### [EXERCISE DIRECTIONS]
Give the number of lines in the entries below that hold "oriented", with no accompanying words.

........

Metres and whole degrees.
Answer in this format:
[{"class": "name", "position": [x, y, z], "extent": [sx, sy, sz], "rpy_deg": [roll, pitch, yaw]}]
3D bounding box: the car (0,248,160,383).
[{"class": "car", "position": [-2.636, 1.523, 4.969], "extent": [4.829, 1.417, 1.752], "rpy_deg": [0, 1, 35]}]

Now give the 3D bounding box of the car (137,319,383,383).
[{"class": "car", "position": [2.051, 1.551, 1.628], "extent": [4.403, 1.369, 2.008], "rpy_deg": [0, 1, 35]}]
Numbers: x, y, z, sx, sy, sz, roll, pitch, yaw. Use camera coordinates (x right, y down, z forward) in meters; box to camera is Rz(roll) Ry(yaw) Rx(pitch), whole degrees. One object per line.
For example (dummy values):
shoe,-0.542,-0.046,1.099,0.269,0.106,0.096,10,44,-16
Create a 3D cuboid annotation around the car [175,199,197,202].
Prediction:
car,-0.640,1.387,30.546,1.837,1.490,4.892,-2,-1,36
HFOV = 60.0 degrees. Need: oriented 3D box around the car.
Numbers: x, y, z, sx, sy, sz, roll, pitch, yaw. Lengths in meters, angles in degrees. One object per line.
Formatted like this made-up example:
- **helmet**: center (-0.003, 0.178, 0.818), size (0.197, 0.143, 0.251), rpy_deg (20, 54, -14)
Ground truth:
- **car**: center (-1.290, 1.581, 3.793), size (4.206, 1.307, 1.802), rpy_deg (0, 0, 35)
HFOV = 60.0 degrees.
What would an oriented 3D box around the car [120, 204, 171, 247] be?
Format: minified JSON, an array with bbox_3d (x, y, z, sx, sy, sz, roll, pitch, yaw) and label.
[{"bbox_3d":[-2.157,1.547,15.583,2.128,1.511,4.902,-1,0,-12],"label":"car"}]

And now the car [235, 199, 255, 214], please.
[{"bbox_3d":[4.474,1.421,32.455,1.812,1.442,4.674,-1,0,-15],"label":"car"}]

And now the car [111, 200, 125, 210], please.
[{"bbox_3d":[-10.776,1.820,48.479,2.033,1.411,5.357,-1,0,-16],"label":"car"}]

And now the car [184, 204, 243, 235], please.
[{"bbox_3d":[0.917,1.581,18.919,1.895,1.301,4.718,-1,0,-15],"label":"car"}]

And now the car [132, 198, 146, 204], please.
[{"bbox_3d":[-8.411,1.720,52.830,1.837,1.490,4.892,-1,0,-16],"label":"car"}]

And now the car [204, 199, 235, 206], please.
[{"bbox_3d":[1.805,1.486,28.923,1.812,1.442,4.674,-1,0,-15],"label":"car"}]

........

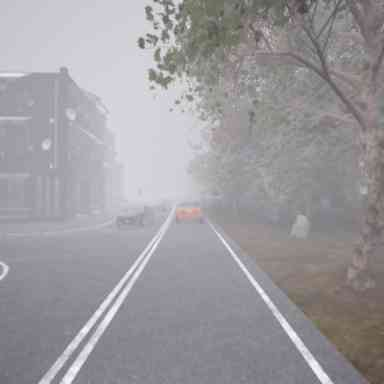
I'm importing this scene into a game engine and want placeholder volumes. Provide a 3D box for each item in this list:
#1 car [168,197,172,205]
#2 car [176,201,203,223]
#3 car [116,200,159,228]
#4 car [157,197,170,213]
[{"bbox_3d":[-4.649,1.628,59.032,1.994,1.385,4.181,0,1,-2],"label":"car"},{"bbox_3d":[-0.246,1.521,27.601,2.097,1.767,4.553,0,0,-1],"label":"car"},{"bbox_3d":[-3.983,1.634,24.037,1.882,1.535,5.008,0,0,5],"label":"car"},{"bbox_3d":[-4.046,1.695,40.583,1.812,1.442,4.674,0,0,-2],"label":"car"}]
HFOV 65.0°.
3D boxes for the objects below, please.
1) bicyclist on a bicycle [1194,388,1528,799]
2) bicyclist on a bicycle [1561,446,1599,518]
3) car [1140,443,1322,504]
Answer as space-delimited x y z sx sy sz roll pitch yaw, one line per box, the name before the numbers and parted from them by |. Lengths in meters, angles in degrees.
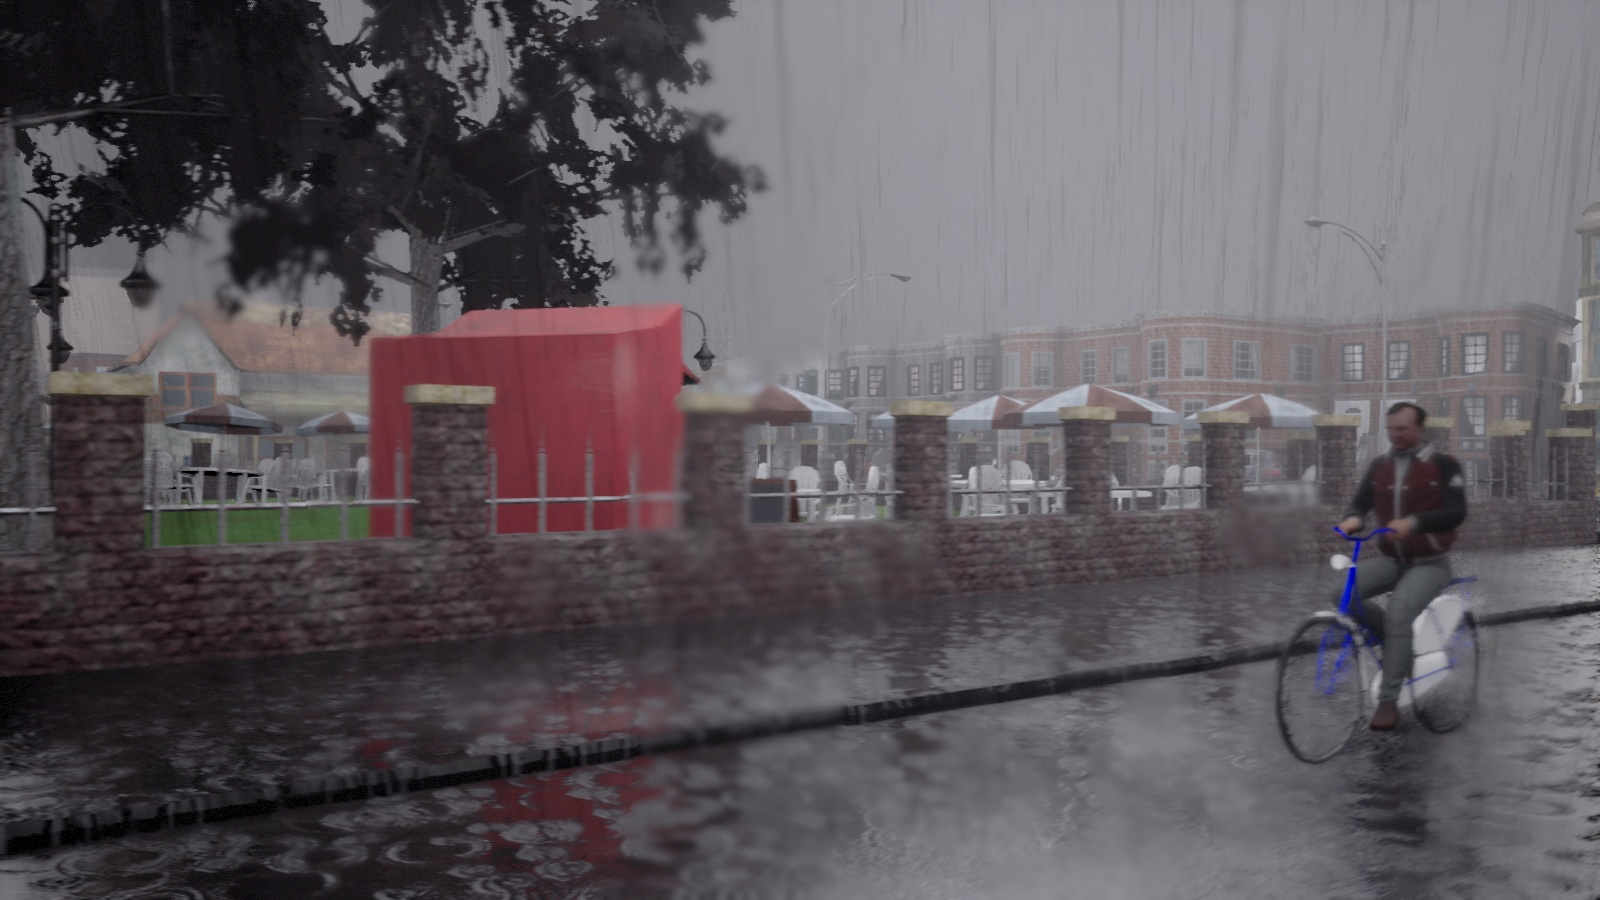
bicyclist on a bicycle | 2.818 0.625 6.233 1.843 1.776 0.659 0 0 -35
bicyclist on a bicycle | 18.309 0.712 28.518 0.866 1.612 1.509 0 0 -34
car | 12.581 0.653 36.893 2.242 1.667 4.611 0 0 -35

........

### [TASK RESPONSE]
2